The Data Preview Challenge at DataByte Co.

Sun Aug 24 2025

At DataByte Co., a large tech company with a global presence, the Data Platform team has a crucial mission: to make data accessible. Their latest project is a Data Portal, an interface built by the Data Portal team to help users across the organization explore and discover the company's millions of datasets, which are distributed across development, pre-production, and production environments in various AWS accounts worldwide.

A key feature in high demand is data preview. The Data Portal team wanted to let their users quickly glance at the first few rows of a file or report to decide if a dataset was relevant for their analysis.

Their first idea was to use AWS Lake Formation, a data lake security tool. The approach seemed logical. They would create views showing only a sample of the data tagged with a specific tag in Lake Formation. Then they would give users permissions to query those views without direct access to the complete datasets if they had this specific tag. But both teams quickly ran into a problem. They discovered that for a user to query a view, Lake Formation requires them to also have permissions on the underlying tables and data. This was a huge blow because there was sensitive data. The whole purpose of the view was to act as a security barrier, but this requirement removed that benefit. To offer a preview, the Data Platform team would have had to give users broad access to the data. This went against all governance rules.


The Financial and Operational Cost of the Wrong Approach

This security flaw had a direct financial and operational impact. To work around it, the teams considered creating smaller duplicate tables just for previews. Let's look at a quick cost simulation using Amazon Athena. Amazon Athena charges based on the amount of data scanned. Currently it costs $5 per terabyte.

Consider a 10 TB dataset. To get a preview, a view would typically scan just a few megabytes to return the top 5 rows. But if a user needs permissions on the entire underlying table, every failed attempt or misconfigured query could potentially scan the full 10 TB. This would cost $50 per query. With thousands of users and countless daily preview attempts, the costs would quickly become huge and unpredictable.

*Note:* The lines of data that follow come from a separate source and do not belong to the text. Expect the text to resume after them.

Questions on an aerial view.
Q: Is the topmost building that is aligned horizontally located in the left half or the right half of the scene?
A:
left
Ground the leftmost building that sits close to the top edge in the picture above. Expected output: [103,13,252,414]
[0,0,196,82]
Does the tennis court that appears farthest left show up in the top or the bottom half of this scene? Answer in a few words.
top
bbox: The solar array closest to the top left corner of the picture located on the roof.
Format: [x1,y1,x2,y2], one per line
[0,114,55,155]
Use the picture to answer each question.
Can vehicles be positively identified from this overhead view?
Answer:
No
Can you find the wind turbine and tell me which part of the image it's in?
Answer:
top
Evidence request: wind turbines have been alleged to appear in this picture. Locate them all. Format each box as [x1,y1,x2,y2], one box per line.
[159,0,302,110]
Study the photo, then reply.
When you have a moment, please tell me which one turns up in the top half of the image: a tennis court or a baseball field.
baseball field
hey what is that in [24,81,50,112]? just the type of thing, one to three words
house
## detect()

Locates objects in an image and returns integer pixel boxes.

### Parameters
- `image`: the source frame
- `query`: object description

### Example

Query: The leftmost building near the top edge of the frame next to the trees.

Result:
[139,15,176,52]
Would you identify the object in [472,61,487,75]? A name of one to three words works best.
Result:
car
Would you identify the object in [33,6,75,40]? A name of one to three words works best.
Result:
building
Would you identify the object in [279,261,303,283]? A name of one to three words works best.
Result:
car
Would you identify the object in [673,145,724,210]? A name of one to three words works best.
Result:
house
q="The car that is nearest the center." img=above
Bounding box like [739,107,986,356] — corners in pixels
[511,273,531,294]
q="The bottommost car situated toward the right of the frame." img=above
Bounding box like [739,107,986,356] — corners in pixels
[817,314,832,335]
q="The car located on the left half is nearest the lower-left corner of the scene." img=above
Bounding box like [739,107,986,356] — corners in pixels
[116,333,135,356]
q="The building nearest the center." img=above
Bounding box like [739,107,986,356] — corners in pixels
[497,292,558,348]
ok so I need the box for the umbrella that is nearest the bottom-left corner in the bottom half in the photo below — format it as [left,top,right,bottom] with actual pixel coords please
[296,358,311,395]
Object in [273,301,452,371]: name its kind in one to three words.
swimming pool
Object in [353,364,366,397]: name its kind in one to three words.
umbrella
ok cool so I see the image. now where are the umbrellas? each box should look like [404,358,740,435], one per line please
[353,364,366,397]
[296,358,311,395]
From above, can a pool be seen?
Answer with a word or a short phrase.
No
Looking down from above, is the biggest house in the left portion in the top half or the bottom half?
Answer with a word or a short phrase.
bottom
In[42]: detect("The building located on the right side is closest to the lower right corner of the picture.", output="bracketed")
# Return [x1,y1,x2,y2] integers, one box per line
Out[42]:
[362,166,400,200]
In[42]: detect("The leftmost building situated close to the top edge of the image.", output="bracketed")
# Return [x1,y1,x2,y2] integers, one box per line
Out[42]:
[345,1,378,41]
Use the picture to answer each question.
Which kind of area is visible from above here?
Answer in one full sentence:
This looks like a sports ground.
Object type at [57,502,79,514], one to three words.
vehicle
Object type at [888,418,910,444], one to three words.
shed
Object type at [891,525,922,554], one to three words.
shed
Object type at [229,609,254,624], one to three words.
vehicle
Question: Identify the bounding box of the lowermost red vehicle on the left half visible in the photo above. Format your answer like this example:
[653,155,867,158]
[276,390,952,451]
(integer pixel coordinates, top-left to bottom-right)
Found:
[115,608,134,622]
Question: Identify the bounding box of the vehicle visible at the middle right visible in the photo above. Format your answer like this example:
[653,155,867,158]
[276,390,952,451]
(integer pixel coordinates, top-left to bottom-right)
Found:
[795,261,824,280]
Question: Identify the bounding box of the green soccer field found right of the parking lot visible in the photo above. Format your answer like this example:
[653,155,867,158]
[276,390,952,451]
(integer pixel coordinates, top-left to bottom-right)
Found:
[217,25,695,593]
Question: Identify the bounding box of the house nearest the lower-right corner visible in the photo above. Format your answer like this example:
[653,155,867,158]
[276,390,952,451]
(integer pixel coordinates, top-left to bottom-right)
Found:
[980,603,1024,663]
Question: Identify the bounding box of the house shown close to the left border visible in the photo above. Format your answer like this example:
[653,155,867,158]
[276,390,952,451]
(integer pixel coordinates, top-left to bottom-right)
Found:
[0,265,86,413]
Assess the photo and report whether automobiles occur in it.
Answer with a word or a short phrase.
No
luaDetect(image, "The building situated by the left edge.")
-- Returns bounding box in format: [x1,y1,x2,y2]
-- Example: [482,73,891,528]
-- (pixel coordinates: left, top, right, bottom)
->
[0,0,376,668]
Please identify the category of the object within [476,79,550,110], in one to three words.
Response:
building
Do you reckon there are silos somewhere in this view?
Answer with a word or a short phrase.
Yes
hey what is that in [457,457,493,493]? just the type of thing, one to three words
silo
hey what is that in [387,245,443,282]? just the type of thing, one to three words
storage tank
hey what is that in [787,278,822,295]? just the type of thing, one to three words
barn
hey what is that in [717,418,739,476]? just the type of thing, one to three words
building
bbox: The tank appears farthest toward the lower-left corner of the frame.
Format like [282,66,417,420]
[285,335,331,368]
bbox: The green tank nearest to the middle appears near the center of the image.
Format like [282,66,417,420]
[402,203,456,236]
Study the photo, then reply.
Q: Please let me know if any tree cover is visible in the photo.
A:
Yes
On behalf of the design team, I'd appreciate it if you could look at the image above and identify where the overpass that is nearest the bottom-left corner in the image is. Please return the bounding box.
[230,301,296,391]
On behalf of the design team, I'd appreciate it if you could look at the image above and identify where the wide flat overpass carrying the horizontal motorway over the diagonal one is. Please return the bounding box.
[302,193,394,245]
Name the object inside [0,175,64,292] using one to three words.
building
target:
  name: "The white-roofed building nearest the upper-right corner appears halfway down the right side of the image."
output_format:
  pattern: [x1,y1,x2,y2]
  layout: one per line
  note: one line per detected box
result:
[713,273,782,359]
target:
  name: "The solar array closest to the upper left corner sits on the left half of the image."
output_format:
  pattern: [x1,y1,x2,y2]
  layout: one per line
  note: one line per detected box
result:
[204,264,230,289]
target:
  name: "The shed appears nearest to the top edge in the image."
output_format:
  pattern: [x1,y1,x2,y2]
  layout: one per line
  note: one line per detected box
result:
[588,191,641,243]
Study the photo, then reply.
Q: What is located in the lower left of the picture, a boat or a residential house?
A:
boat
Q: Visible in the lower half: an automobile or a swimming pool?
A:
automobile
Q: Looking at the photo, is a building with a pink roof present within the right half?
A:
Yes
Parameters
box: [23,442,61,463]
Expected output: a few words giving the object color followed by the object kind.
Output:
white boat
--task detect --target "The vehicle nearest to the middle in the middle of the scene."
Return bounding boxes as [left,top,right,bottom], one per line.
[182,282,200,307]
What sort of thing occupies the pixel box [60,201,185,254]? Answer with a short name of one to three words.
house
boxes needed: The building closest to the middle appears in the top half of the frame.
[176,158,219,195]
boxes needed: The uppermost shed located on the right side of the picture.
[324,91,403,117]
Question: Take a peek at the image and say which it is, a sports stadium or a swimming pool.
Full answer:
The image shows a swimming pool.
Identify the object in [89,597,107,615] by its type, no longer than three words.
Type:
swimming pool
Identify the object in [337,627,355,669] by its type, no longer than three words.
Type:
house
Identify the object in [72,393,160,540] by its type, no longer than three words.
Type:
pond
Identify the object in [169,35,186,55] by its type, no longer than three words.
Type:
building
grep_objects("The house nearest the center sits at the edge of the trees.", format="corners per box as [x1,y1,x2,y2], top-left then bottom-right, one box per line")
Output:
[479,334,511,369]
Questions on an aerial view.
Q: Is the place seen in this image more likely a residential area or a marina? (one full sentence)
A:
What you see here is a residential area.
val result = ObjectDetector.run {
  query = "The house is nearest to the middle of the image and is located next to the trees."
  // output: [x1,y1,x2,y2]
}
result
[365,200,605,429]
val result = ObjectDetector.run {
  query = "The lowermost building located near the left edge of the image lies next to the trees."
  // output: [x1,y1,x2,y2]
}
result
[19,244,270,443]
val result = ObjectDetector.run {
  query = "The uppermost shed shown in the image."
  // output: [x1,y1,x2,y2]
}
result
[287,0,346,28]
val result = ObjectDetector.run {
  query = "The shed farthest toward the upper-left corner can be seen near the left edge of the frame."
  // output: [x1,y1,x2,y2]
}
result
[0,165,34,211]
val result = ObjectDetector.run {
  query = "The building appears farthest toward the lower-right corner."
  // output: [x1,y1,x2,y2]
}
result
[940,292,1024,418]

This alternative approach of creating physical preview tables was not viable. These tables would have to be manually or periodically refreshed to reflect the latest changes in the source data. This creates pipeline overhead and introduces delays. Users would not have a truly live view of the data. The lack of automatic data freshness made this solution operationally unsustainable for a dynamic data environment. This approach was not only a security risk but also a financial and operational liability. It was clearly a dead end.


The Solution: A Guard Role and an API

Instead of pursuing this dead-end approach, the Data Platform team rethought their architecture. They decided to build a new solution. This solution was more aligned with their security principles and built to operate in a global, multi-account environment. The central API acts as a single point of entry for the Data Portal team. It securely communicates with various development, pre-production, and production accounts in different regions such as America, Asia, and Europe. This model ensures that data governance rules are followed globally. It solves a complex cross-account security challenge.

  • The Guard Role: The Data Platform team created a special IAM role called the "preview role." This role is not located in the central API account but is deployed in each AWS account around the world. It has minimal permissions and is the only entity that can directly query the data for a preview.
  • The Secure Gateway: The team updated their central API to preview data in all AWS accounts worldwide. Now, when the Data Portal team's application requests a preview, the central API runs as a Lambda function. It assumes the "preview role" within the specific target account. It then executes a targeted Athena query in a specific workgroup: SELECT * FROM sales_data LIMIT 5. The results are stored in an S3 bucket, retrieved, and sent back to the Data Portal team through a secure stream.

Despite Lake Formation's limitations, DataByte Co. can now provide its users with a secure, efficient, and cost-effective way to explore data across its global ecosystem. They do this while strictly adhering to their governance rules. Everyone is happy.